═════ INFORMATION SHOWN

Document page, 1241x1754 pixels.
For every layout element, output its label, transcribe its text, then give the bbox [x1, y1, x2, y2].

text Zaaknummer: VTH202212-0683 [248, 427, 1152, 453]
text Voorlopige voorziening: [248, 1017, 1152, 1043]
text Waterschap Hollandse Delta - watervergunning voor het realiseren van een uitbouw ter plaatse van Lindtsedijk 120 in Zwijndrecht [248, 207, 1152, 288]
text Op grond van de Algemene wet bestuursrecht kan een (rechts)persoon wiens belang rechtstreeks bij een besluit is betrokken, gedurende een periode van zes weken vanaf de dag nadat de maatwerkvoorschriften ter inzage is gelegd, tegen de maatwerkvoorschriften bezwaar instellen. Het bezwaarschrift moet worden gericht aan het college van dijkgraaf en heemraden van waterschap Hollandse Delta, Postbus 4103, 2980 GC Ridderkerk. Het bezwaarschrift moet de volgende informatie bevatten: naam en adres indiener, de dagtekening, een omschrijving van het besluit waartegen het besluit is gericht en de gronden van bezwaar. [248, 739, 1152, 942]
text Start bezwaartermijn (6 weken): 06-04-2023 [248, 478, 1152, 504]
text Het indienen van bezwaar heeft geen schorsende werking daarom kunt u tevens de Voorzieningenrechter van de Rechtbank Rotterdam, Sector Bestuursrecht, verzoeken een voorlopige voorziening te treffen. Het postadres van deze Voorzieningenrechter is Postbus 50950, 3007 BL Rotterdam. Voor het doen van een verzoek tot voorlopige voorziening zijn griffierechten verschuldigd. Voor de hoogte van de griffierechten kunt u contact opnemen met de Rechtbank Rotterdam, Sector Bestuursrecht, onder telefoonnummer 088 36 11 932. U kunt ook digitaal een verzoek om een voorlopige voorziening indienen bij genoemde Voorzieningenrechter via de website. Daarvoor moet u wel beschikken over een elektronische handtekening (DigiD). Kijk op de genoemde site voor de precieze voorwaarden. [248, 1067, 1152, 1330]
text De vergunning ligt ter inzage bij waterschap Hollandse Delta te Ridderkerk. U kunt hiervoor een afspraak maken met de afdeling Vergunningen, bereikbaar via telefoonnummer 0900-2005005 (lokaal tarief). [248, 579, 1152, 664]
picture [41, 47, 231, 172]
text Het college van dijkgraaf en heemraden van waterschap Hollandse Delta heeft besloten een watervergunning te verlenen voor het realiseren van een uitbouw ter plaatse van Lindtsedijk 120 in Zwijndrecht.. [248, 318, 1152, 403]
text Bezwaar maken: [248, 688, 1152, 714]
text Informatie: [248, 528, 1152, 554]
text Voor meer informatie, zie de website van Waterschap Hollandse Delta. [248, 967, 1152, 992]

══════════

> WHAT IS EXPECTED
Only the last part of the entries above is needed: please copy the line with "picture [41, 47, 231, 172]" and each line after it exactly.

> RESPONSE TO THE TASK
picture [41, 47, 231, 172]
text Het college van dijkgraaf en heemraden van waterschap Hollandse Delta heeft besloten een watervergunning te verlenen voor het realiseren van een uitbouw ter plaatse van Lindtsedijk 120 in Zwijndrecht.. [248, 318, 1152, 403]
text Bezwaar maken: [248, 688, 1152, 714]
text Informatie: [248, 528, 1152, 554]
text Voor meer informatie, zie de website van Waterschap Hollandse Delta. [248, 967, 1152, 992]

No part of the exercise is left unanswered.